Stephen Harper menace de boycotter le prochain sommet du Commonwealth, qui doit avoir lieu au Sri Lanka en 2013, si le pays hôte n'améliore pas son bilan en matière de respect des droits de la personne et qu'aucun progrès n'est réalisé au chapitre de la réconciliation nationale.

Joël-Denis Bellavance LA PRESSE

En revanche, selon ce qu'a appris La Presse, le premier ministre ne compte pas appliquer cette ligne dure envers la République démocratique du Congo, qui est loin d'être un modèle de démocratie et qui sera l'hôte du prochain sommet de la Francophonie l'automne prochain.

Lors de leur dernier sommet, qui a eu lieu à Trinité-et-Tobago en novembre dernier, les pays du Commonwealth ont accepté de se réunir au Sri Lanka, mais à certaines conditions.

Le Sri Lanka, secoué jusqu'en 2009 par une longue guerre civile opposant le gouvernement aux Tigres tamouls, doit démontrer qu'il a réalisé des «progrès tangibles» au chapitre de la réconciliation nationale et «se pencher sérieusement sur les allégations de violations des droits de la personne», selon un document du ministère des Affaires étrangères.

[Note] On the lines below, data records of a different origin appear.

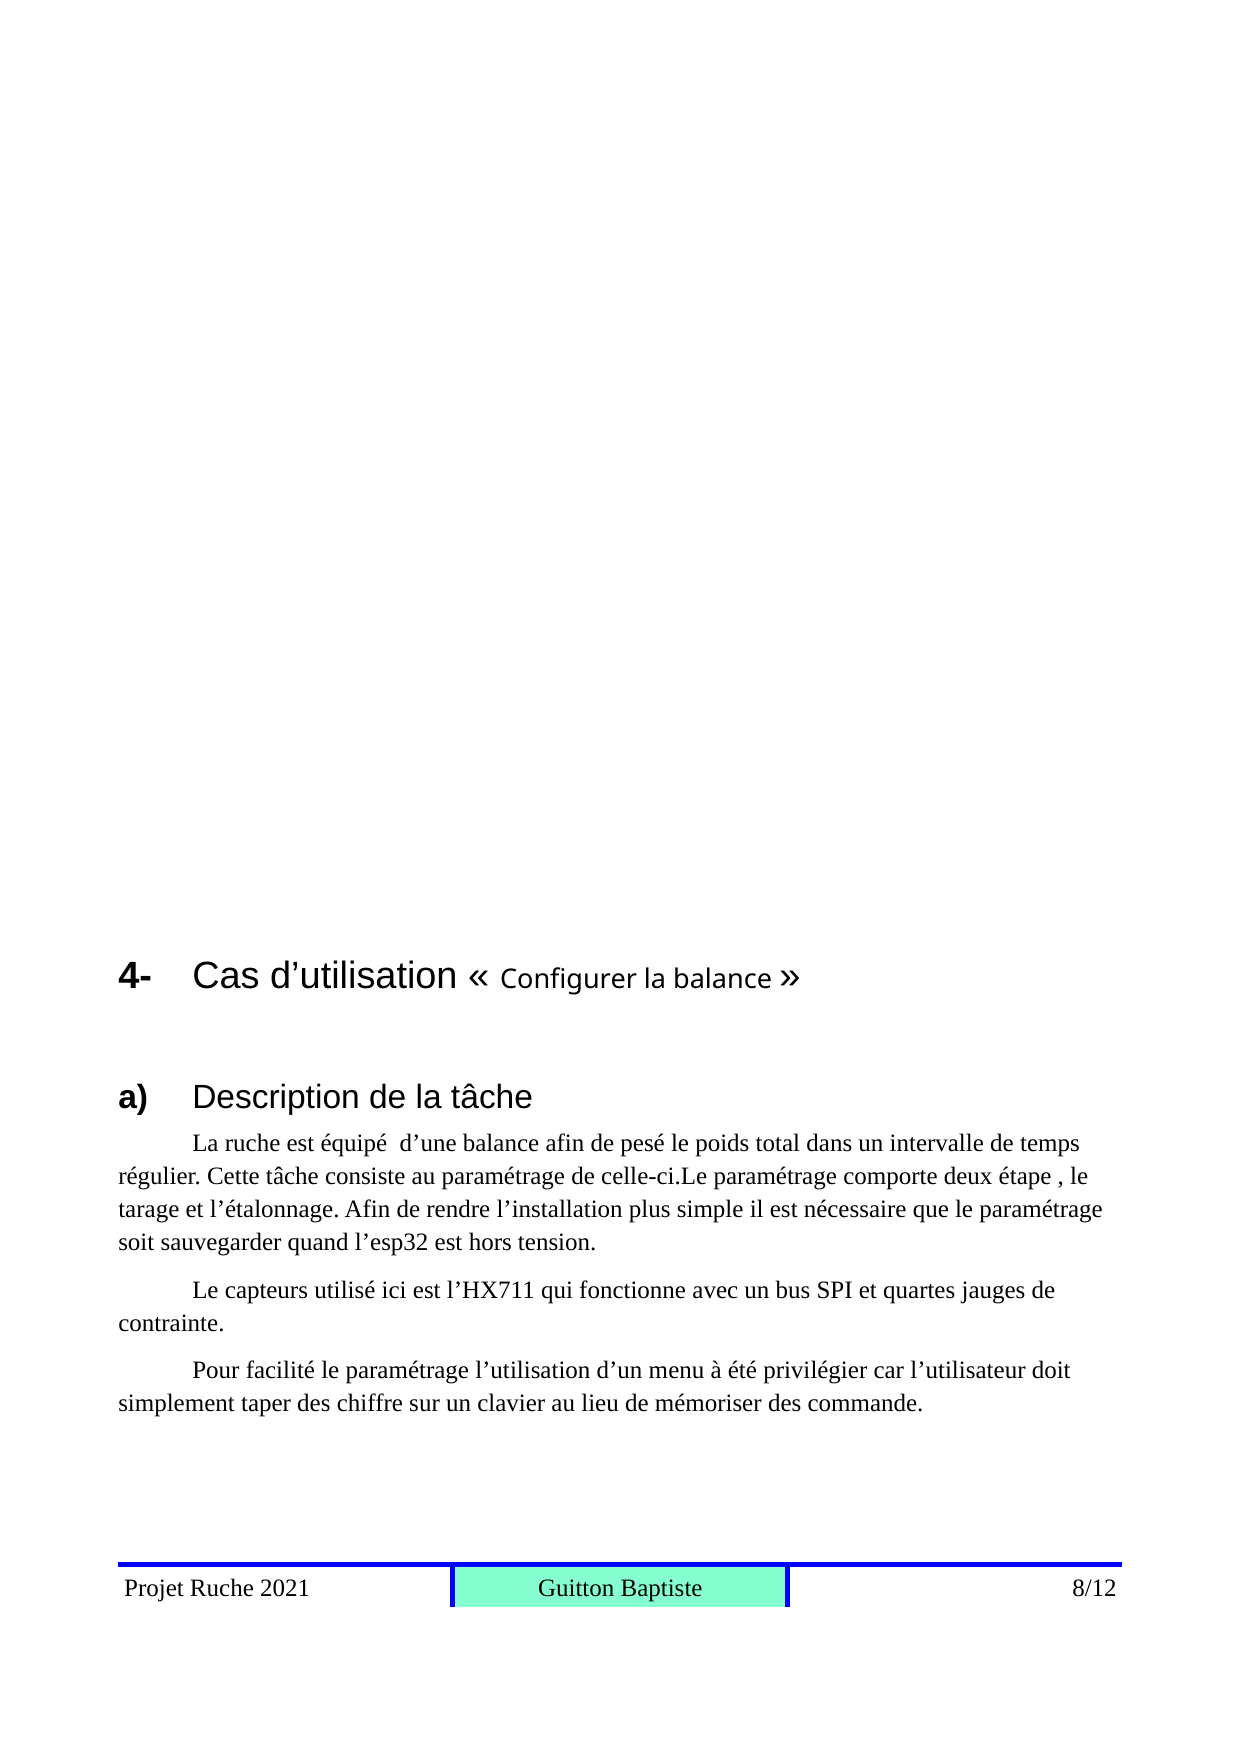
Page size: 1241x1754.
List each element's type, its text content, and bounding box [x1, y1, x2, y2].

text La ruche est équipé d’une balance afin de pesé le poids total dans un intervalle de temps régulier. Cette tâche consiste au paramétrage de celle-ci.Le paramétrage comporte deux étape , le tarage et l’étalonnage. Afin de rendre l’installation plus simple il est nécessaire que le paramétrage soit sauvegarder quand l’esp32 est hors tension. [118, 1128, 1122, 1256]
subtitle Description de la tâche [118, 1077, 1122, 1116]
text Pour facilité le paramétrage l’utilisation d’un menu à été privilégier car l’utilisateur doit simplement taper des chiffre sur un clavier au lieu de mémoriser des commande. [118, 1355, 1122, 1417]
text Le capteurs utilisé ici est l’HX711 qui fonctionne avec un bus SPI et quartes jauges de contrainte. [118, 1275, 1122, 1337]
subtitle Cas d’utilisation « Configurer la balance » [118, 952, 1122, 996]

De tous les pays membres du Commonwealth, c'est le Canada qui est allé le plus loin: Stephen Harper a fait savoir qu'il ne participerait pas au sommet du Sri Lanka si la situation ne s'améliorait pas de manière notable. Le premier ministre la Grande-Bretagne, David Cameron, a soutenu que des leaders pourraient ne pas participer au sommet, sans jamais indiquer qu'il pourrait être de ceux-là.

«Préoccupations» en RDC

Selon son porte-parole Carl Vallée, M. Harper compte soulever la question des droits de la personne au Congo à l'occasion du sommet de la Francophonie, mais il n'a pas l'intention de boycotter la rencontre: «Nous avons l'intention de continuer à soulever nos préoccupations liées à la liberté, aux droits de l'homme, à la démocratie et au respect de la primauté du droit avec le gouvernement de la République démocratique du Congo avant le commencement du sommet de la Francophonie. Ce sommet sera d'ailleurs une bonne occasion de soulever ces enjeux.»

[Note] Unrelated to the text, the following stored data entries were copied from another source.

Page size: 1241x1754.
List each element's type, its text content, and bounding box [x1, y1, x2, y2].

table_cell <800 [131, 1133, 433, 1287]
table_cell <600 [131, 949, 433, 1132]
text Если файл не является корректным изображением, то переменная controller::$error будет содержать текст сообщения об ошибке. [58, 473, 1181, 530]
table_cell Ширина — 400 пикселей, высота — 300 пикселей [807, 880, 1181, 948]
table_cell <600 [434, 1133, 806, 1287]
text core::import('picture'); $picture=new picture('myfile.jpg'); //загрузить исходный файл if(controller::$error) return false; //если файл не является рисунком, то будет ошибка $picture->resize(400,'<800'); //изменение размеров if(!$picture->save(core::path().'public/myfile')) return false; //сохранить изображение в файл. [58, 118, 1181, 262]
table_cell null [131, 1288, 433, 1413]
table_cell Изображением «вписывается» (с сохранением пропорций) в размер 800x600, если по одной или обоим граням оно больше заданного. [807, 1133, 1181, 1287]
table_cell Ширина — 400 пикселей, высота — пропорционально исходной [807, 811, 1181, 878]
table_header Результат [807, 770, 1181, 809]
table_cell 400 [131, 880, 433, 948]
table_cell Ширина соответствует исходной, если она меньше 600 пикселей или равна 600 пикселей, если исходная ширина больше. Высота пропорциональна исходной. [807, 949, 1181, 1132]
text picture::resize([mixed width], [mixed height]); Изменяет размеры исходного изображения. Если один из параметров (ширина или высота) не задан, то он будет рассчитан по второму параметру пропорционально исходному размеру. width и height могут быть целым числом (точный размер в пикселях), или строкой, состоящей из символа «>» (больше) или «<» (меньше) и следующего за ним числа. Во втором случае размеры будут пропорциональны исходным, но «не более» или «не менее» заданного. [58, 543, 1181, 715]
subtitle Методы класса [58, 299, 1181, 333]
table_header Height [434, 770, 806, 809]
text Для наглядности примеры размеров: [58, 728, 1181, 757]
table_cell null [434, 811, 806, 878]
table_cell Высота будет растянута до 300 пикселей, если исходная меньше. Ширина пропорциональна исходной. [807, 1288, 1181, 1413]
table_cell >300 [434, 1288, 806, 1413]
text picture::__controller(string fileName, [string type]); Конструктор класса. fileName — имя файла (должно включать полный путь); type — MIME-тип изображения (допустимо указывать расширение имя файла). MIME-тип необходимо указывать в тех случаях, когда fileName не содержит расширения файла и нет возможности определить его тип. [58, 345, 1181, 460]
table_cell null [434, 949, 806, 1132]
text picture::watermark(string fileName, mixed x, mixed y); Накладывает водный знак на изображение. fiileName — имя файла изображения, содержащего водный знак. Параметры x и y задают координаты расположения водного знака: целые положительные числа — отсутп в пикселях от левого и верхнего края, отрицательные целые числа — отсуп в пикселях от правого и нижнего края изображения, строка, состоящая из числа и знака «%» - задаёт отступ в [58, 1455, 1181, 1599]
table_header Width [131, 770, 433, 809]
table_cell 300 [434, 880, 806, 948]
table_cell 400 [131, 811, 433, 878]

Il n'a toutefois pas voulu préciser pourquoi M. Harper adopte la ligne dure envers le Sri Lanka et non envers le Congo.

En privé, des sources indiquent que le Commonwealth s'est donné davantage les moyens de faire la promotion de la démocratie et de la primauté du droit parmi ses membres. La Francophonie a aussi fait des pas dans cette direction depuis un certain temps, mais ils demeurent assez timides.

La guerre civile au Sri Lanka, qui a duré de 1972 à 2009, a fait quelque 100 000 morts, selon l'ONU.

En 2011, des enquêteurs de l'ONU ont accusé le gouvernement sri lankais d'avoir causé des «dizaines de milliers de morts» lors de l'offensive finale de l'armée contre les Tigres de libération de l'eelam Tamoul.

Mais Colombo a refusé qu'une enquête internationale se penche sur les crimes de guerre possiblement commis par ses troupes et affirme que les Tigres utilisaient les civils comme boucliers humains.

Pour sa part, le Congo est le théâtre depuis quelques semaines de violents combats entre l'armée congolaise et d'anciens combattants de la rébellion tutsie-congolaise du Congrès national pour la défense du peuple.

Les combats sont concentrés dans la province du Kivu du Nord et ont provoqué le déplacement de milliers de civils: plus de 8200 personnes se sont réfugiées au Rwanda depuis le 27 avril, et plus de 30 000 en Ouganda en mai, selon le Haut-Commissariat de l'ONU pour les réfugiés (HCR).

Récemment, le Canada s'est dit préoccupé par «la possibilité de violences sexuelles» et la hausse du nombre de déplacés et de réfugiés. Le ministre des Affaires étrangères, John Baird, a aussi réclamé «une action immédiate» des autorités du pays à ce sujet.